Legislation is a top-down mechanism coming from the Government and decided upon in the National Assembly. Nonetheless, in the case of legal rehabilitation in Serbia, the state has merely provided a framework to be used in practice. The rehabilitation in the court is a bottom-up initiative by family members or different groups – memory consumers – who start the rehabilitation processes by filing a request to courts. It should be always emphasized that there is no rehabilitation without the citizens initiating it. The families or the groups with a vested political interest in the outcome of the rehabilitation stir the process by selecting their own witnesses and filing documentation to be considered by the court. In this way, it is them who frame the interpretation of the past in the courtroom instead of the state-sponsored institutions or court authority. Furthermore, the interaction of memory makers and memory consumers becomes more vivid in the court cases conducted according to the 2011 law, which defines two sides in the court: one representing the state and the other those who want someone to be rehabilitated, as opposed to the 2006 law which introduced none-contentious proceeding as a way of implementation in the court. Judging from the very high number of requests filed since 2006, legal rehabilitation in Serbia represents a success in state-sanctioned memory politics. For this reason, it should be also approached from this perspective which is equally relevant as conducting a critical content analysis of court transcripts. What would be equally relevant to examine is the motivation behind the rehabilitation requests and whether there is a simple goal of correcting something considered as injustice from the past or it is rather politically or financially motivated.

 


[1] Timothy Garton Ash: This is the moment for Europe to dismantle taboos, not erect them, The Guardian [online], 19.10.2006.

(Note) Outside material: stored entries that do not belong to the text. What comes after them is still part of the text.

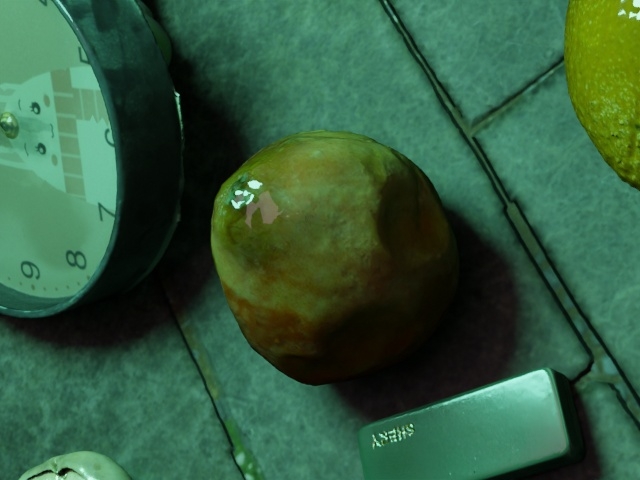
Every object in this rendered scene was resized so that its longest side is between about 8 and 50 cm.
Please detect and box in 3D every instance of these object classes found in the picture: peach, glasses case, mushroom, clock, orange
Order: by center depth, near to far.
[{"bbox_3d":[0.309,-0.151,1.158,0.274,0.274,0.274,-9,71,29],"label":"orange"},{"bbox_3d":[0.121,0.167,1.309,0.184,0.039,0.077,-21,66,25],"label":"glasses case"},{"bbox_3d":[0.000,0.000,1.320,0.214,0.235,0.214,-12,61,23],"label":"peach"},{"bbox_3d":[-0.232,0.265,1.447,0.154,0.122,0.154,-15,63,33],"label":"mushroom"},{"bbox_3d":[-0.292,-0.109,1.507,0.386,0.076,0.386,16,116,35],"label":"clock"}]

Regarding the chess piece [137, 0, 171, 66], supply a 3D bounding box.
[{"bbox_3d":[-0.206,-0.278,1.603,0.139,0.139,0.271,-10,60,29],"label":"chess piece"}]

[2] Austin Sarat/ Thomas R. Kearns, eds. History, Memory, and the Law. Ann Arbor 2002, p. 3.
[3] James Mark: The Unfinished Revolution: Making Sense of the Communist Past in Central-Eastern Europe, New Haven and London 2010, p. 59.

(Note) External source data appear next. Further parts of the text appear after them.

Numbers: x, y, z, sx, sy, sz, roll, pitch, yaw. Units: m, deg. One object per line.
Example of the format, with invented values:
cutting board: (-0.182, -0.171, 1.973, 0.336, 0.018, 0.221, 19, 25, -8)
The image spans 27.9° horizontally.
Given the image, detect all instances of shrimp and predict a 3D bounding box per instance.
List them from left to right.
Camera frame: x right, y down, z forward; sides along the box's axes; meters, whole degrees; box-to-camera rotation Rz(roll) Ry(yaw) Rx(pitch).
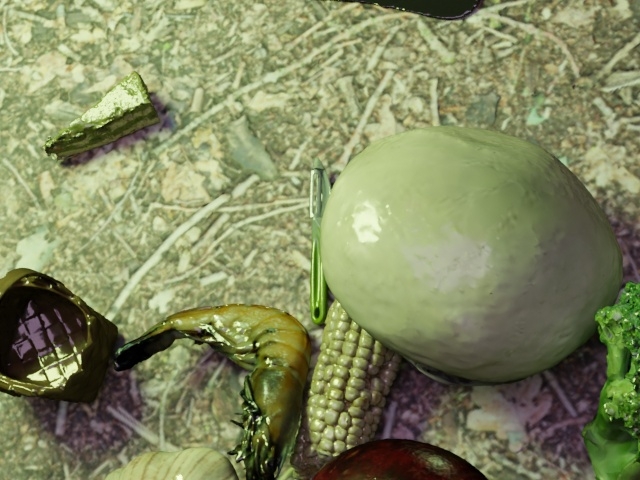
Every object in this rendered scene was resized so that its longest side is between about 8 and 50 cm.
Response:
shrimp: (-0.111, 0.153, 1.254, 0.198, 0.051, 0.262, 0, 41, 4)

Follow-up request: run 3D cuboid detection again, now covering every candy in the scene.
candy: (0.148, -0.002, 1.214, 0.295, 0.185, 0.295, 9, 54, -13)

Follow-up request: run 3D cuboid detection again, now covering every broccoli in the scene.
broccoli: (0.336, 0.141, 1.120, 0.269, 0.241, 0.261, -14, 75, -41)

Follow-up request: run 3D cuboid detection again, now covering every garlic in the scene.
garlic: (-0.148, 0.298, 1.166, 0.199, 0.226, 0.199, 0, 91, 10)

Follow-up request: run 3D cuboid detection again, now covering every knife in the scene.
knife: (0.000, 0.000, 1.359, 0.022, 0.026, 0.184, -20, 63, 48)

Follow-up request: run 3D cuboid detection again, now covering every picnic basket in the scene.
picnic basket: (-0.294, 0.096, 1.303, 0.138, 0.178, 0.128, 15, 75, 17)

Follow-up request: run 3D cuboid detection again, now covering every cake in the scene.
cake: (-0.243, -0.126, 1.443, 0.140, 0.051, 0.055, -38, 69, -1)

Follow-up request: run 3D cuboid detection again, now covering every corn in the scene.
corn: (0.026, 0.147, 1.264, 0.087, 0.087, 0.211, 14, 73, 17)

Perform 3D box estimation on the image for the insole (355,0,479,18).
insole: (0.033, -0.316, 1.475, 0.322, 0.007, 0.109, 16, 76, 17)

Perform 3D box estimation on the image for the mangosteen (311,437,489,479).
mangosteen: (0.101, 0.285, 1.152, 0.261, 0.235, 0.235, -12, 59, -40)

[4] Milivoj Bešlin: Četnički pokret Draže Mihailovića – najfrekventniji objekat istorijskog revizionizma u Srbiji.In: Momir Samardžić et al: Politička upotreba prošlosti. O istorijskom revizionizmu na postjugoslovenskom prostoru. Novi Sad 2013, p. 85.
[5] Except Srđan Milošević: Istorija pred sudom. Interpretacija prošlosti i pravni aspekti u rehabilitaciji kneza Pavla Karađorđevića. Beograd 2013. Although many authors discuss rehabilitation in articles and media, there has been no other academic monograph so far analyzing the court documents and court interpretation of the past.

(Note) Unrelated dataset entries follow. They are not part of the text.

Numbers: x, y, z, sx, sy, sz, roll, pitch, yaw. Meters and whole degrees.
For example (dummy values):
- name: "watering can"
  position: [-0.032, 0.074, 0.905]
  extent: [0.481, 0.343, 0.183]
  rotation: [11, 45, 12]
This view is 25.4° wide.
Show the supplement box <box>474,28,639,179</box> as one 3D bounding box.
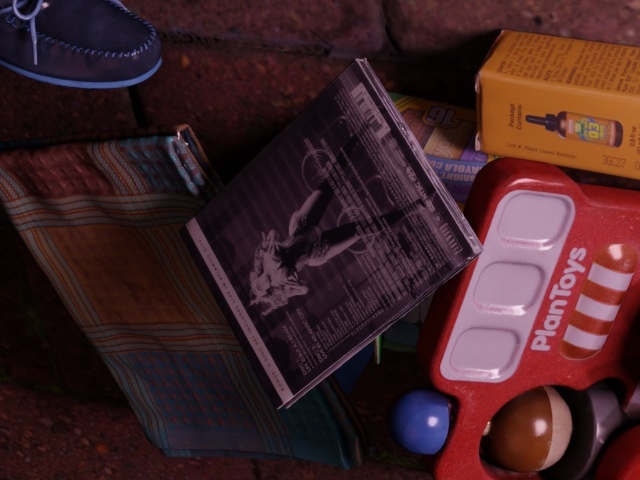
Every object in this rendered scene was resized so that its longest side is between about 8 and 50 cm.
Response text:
- name: "supplement box"
  position: [0.234, -0.094, 1.039]
  extent: [0.234, 0.080, 0.078]
  rotation: [10, 132, 17]

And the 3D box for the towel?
- name: "towel"
  position: [-0.132, 0.061, 1.250]
  extent: [0.271, 0.040, 0.370]
  rotation: [-2, 128, 39]

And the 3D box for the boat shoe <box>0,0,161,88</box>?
- name: "boat shoe"
  position: [-0.255, -0.200, 1.182]
  extent: [0.258, 0.109, 0.089]
  rotation: [17, 132, 11]

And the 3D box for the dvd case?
- name: "dvd case"
  position: [0.000, 0.000, 1.031]
  extent: [0.221, 0.018, 0.164]
  rotation: [-41, 71, 34]

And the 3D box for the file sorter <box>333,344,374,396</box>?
- name: "file sorter"
  position: [-0.030, 0.044, 1.279]
  extent: [0.105, 0.118, 0.170]
  rotation: [-7, 126, 38]

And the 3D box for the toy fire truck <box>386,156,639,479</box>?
- name: "toy fire truck"
  position: [0.182, 0.089, 1.062]
  extent: [0.254, 0.169, 0.302]
  rotation: [8, 117, -22]

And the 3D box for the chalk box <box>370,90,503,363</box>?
- name: "chalk box"
  position: [0.067, 0.001, 1.115]
  extent: [0.132, 0.213, 0.132]
  rotation: [14, 133, 18]

[6] Vladimir Petrović: From Revisionism to "Revisionism". Legal Limits to Historical Interpretation. In: Michal Kopeček (ed.): Past in the Making. Historical Revisionism in Central Europe after 1989. Budapest 2008, p. 20. "[T]he attempt to influence collective memory via high-profile proceedings in which law, politics, memory, and history intertwine in a memorable public event, producing a particular outlook on the past".
[7] Wulf Kansteiner: Finding Meaning in Memory: A Methodological Critique of Collective Memory Studies, History and Theory, Vol. 41, No. 2 2002, 179-192, p. 180.